Germany’s panzer formations were initially conceived of with two main models in mind – one light and one medium. The lighter variant, the Mark II, was for reconnaissance and an anti-tank role – which even in 1934 was an optimistic assessment of its capabilities given the poor 2cm armament, although it was hoped that the heavier enemy tanks could be drawn into fire of infantry-manned anti-tank guns.
The medium model later became known as the Pz Kpfw IV (Mark IV) and was to be used in a close support role against fortified field positions. Yet it was not long before the inadequacies of the Mark II were recognised and the need for a purpose-built anti-tank model was realised. This model became known as the Pz Kpfw III (Mark III) with the first few being produced in 1936-37. The Mark III had a troubled beginning with designers unable to perfect a suitable suspension and accordingly none of the first four series A-D were employed after Poland for action in France and the Low Countries. All were produced in small quantities. The E series saw the first run of large-scale production with almost a hundred being built. It adopted an entirely new suspension system, a better engine and upgraded frontal armour from a pitiful 15mm plate to 30mm, giving it a total weight of 19.5 tons. At the beginning of 1939 it was decided to replace the increasingly ineffectual 3.7cm main armament with a new 5cm L/42, yet the time taken to develop and adapt the new gun meant that 3/4 of the new F series (425 produced in total) were equipped with the old standard 3.7cm gun. The G series (600 produced) added the 30mm armour to its rear plating, while H series (308 produced) benefited from a newly designed turret, transmission and running gear, as well as an extra 30mm armoured plate welded to its front. The last of the Mark III upgrades to be initiated before Barbarossa was the J series which commenced production in March 1941 and incorporated the new frontal armour in the basic design. In total, 979 Mark III tanks were deployed against the Red Army for the beginning of Barbarossa.
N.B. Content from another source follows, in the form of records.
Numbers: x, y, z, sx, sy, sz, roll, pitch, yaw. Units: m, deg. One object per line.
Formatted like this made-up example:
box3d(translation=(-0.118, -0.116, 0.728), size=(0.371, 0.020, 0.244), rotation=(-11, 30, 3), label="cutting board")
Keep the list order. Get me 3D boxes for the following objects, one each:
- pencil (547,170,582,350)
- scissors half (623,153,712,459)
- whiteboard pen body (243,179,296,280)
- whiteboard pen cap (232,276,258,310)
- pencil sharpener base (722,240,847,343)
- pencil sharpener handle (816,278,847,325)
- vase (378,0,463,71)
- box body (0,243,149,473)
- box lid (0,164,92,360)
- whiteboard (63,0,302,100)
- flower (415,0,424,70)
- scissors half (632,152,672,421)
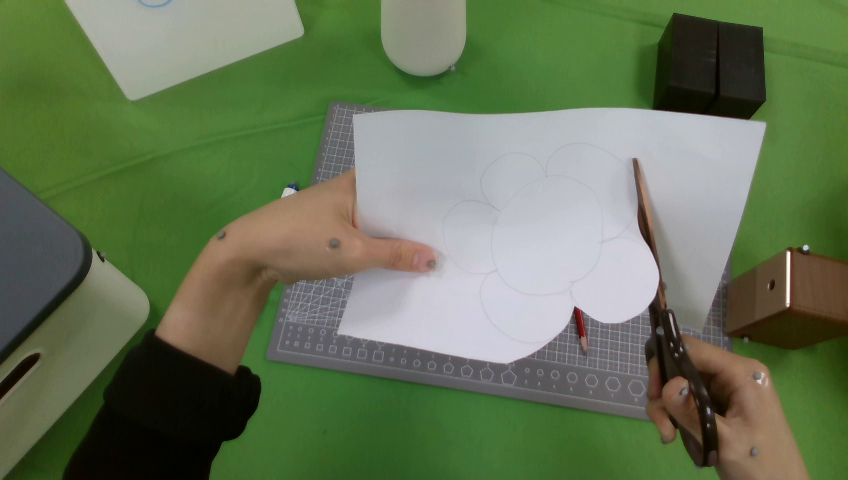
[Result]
box3d(translation=(0.146, 0.017, 0.624), size=(0.012, 0.012, 0.192), rotation=(-5, 72, -2), label="pencil")
box3d(translation=(0.133, 0.036, 0.336), size=(0.013, 0.040, 0.175), rotation=(-14, 87, 2), label="scissors half")
box3d(translation=(-0.162, -0.001, 0.622), size=(0.017, 0.017, 0.140), rotation=(15, 68, 5), label="whiteboard pen body")
box3d(translation=(-0.176, 0.051, 0.601), size=(0.018, 0.018, 0.033), rotation=(14, 66, 5), label="whiteboard pen cap")
box3d(translation=(0.340, 0.052, 0.564), size=(0.077, 0.107, 0.061), rotation=(13, 69, 1), label="pencil sharpener base")
box3d(translation=(0.391, 0.060, 0.552), size=(0.030, 0.068, 0.035), rotation=(13, 64, 1), label="pencil sharpener handle")
box3d(translation=(-0.005, -0.269, 0.629), size=(0.098, 0.201, 0.097), rotation=(0, 68, 1), label="vase")
box3d(translation=(-0.468, 0.029, 0.529), size=(0.362, 0.161, 0.253), rotation=(34, 73, 11), label="box body")
box3d(translation=(-0.469, 0.001, 0.460), size=(0.370, 0.015, 0.262), rotation=(34, 72, 11), label="box lid")
box3d(translation=(-0.290, -0.344, 0.628), size=(0.217, 0.308, 0.142), rotation=(-24, 52, -9), label="whiteboard")
box3d(translation=(-0.009, -0.312, 0.556), size=(0.044, 0.365, 0.038), rotation=(2, 51, 3), label="flower")
box3d(translation=(0.134, 0.032, 0.357), size=(0.013, 0.039, 0.176), rotation=(-13, 113, 7), label="scissors half")
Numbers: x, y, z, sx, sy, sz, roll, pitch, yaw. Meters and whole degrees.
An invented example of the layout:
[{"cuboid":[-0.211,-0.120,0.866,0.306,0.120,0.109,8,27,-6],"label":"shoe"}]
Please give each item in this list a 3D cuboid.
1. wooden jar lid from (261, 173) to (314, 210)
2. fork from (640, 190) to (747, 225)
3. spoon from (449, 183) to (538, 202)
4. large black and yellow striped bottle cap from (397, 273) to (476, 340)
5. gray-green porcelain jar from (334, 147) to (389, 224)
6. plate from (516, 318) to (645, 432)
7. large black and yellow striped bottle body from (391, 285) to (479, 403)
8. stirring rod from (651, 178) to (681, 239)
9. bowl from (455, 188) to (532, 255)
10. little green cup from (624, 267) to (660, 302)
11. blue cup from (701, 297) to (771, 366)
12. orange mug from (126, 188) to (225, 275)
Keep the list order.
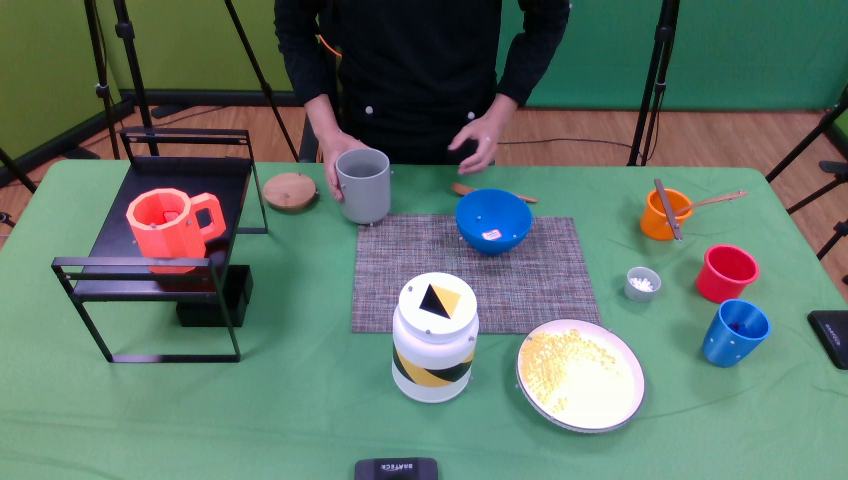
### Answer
[{"cuboid":[-0.286,-0.101,1.273,0.108,0.021,0.107,3,45,-3],"label":"wooden jar lid"},{"cuboid":[0.533,-0.065,1.211,0.207,0.019,0.028,-22,27,38],"label":"fork"},{"cuboid":[0.150,-0.101,1.306,0.194,0.022,0.041,6,26,2],"label":"spoon"},{"cuboid":[0.018,0.094,0.878,0.115,0.019,0.114,3,46,-3],"label":"large black and yellow striped bottle cap"},{"cuboid":[-0.123,-0.104,1.212,0.106,0.127,0.105,1,43,-1],"label":"gray-green porcelain jar"},{"cuboid":[0.253,0.221,0.992,0.209,0.038,0.208,2,46,-2],"label":"plate"},{"cuboid":[0.015,0.153,0.938,0.131,0.185,0.130,2,46,-2],"label":"large black and yellow striped bottle body"},{"cuboid":[0.479,-0.065,1.204,0.014,0.006,0.175,3,46,-4],"label":"stirring rod"},{"cuboid":[0.131,-0.025,1.187,0.151,0.077,0.150,2,45,-2],"label":"bowl"},{"cuboid":[0.406,0.084,1.135,0.061,0.039,0.061,3,45,-3],"label":"little green cup"},{"cuboid":[0.519,0.162,1.025,0.093,0.101,0.092,3,45,-3],"label":"blue cup"},{"cuboid":[-0.357,-0.020,0.884,0.126,0.101,0.083,-29,54,-23],"label":"orange mug"}]
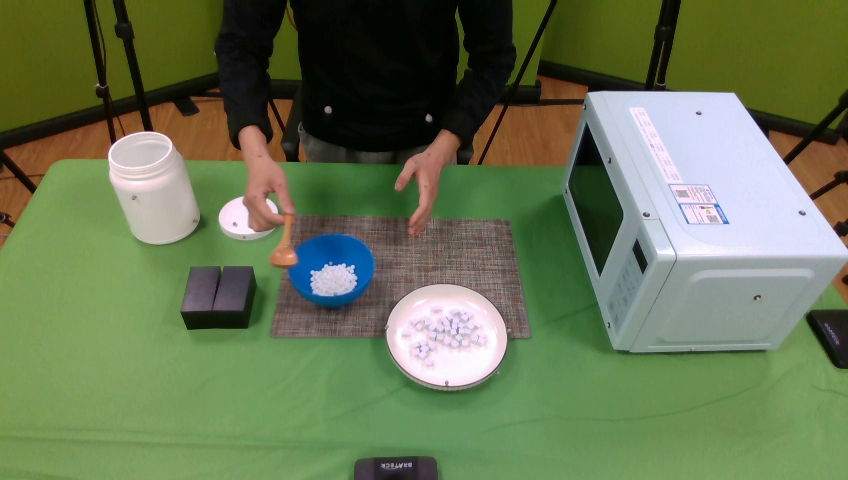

For the attack on the Soviet Union the Germans employed the first large-scale use of the so-called StuG III – Sturmgeschutz (assault gun). The main armament was mounted on the chassis of the Mark III and they were commisioned to provide close armour suppot for infantry and serve in an anti-tank role. The central difference between the StuG III and panzer was the absence of a revolving turret. In order to keep the silhouette low, the 7.5cm L/24 armament was built directly into the hull and the saving in weight from the turret was put towards extra armour, reaching a maximum thickness of 50mm. The total weight came to 20 tons and it was manned by a crew of four. Mass production was only begun in 1940 (only six machines were available in French campaign). By June 1941, 250 were assigned to the invasion force.
The final German model to participate in the invasion was the Pz Kpfw IV (Mark IV). All series produced before the Barbarossa campaign (A-F) were armed with 7.5cm L/24 main gun. The Mark IV was originally designed to provide close infantry support, with two machine guns fitted for local defence. As with the Mark III, the Mark IV underwent many improvements, meaning that earlier variants were markedly inferior to later ones, particularly in terms of armour. Thus, A series had a frontal armour thickness of only 20mm. The latter B, C and D series improved on this somewhat with a maximum thickness of 30mm. The F series was the last version of the Mark IV to commence production before Barbarossa (April 1941) and included 50mm armour as standard to the turret, hull and superstructure, and 30mm for the sides. In total, 444 Mark IV tanks were deployed against the Red Army for the beginning of Barbarossa.
Without doubt, the Mark III, StuG III and Mark IV, which together numbered some 1673 vehicles, represented the cream of the German tank force.